Sounds like your friends are just as bad as you.

sort of like, "they deserve each other"......
 
Originally posted by: Slackware
Originally posted by: vital
I'm dating this chick who graduated w/ a Psychology degree but didn't go for her Masters so her degree is pretty much worthless. She's just working as an assistant at a clinic and it's not even related to her field. I didn't ask how much she was making but I'm sure it's not much. So do do you avoid introducing girls that aren't par w/ your peers or coworkers career-wise given the fact that they have a degree?

Let her go, a loser like you should not have a girl, EVER, if you are conscious about what your co workers are thinking about your girl, then you are totally fvcked in the head, a relationship is between who it is, the rest of the world can pretty much just accpt it or not, and you won't care...

That is, when you grow into a man, i doubt you ever will though.

Not that I disagree with you, but how would you know the OP would never grow into a man, with you just having joined the forums today? You could not possibly have observed him for long enough to know this, so:
WWYBYWB?


 
Originally posted by: Slackware
Originally posted by: vital
I'm dating this chick who graduated w/ a Psychology degree but didn't go for her Masters so her degree is pretty much worthless. She's just working as an assistant at a clinic and it's not even related to her field. I didn't ask how much she was making but I'm sure it's not much. So do do you avoid introducing girls that aren't par w/ your peers or coworkers career-wise given the fact that they have a degree?
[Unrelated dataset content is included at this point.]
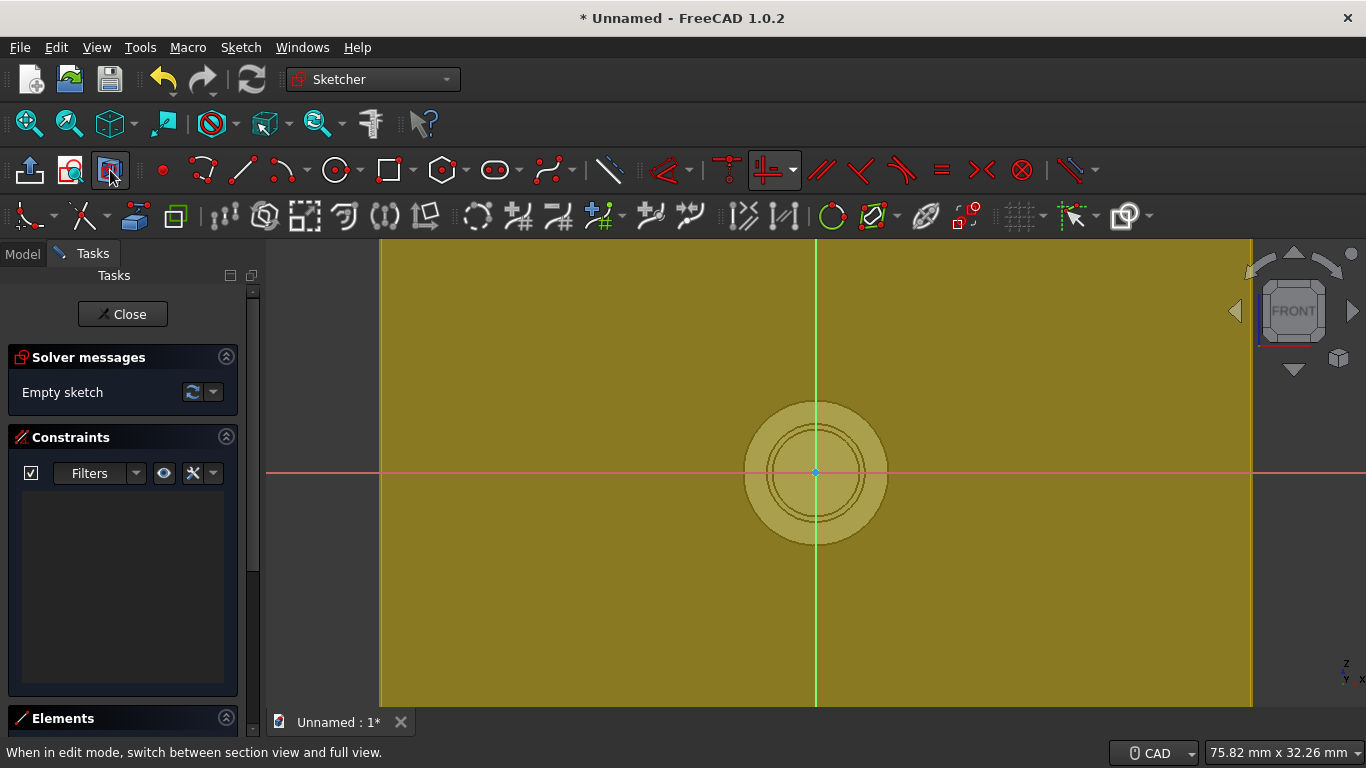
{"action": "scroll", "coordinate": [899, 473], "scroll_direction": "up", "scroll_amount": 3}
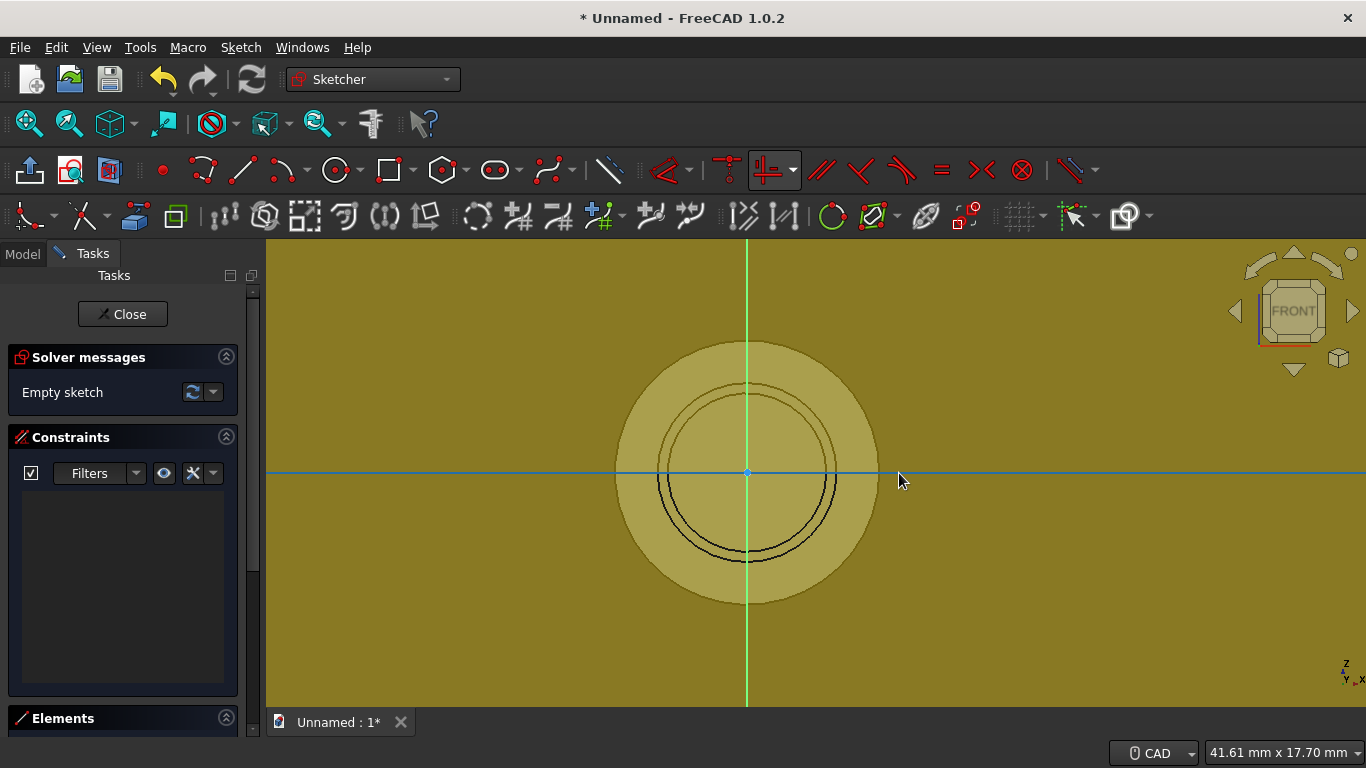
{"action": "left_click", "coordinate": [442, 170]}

Let her go, a loser like you should not have a girl, EVER, if you are conscious about what your co workers are thinking about your girl, then you are totally fvcked in the head, a relationship is between who it is, the rest of the world can pretty much just accpt it or not, and you won't care...

That is, when you grow into a man, i doubt you ever will though.

This isn't about how I feel. I'm fine w/ what she does. I just dont want her to feel uncomfortable around other people because she lied about what she does.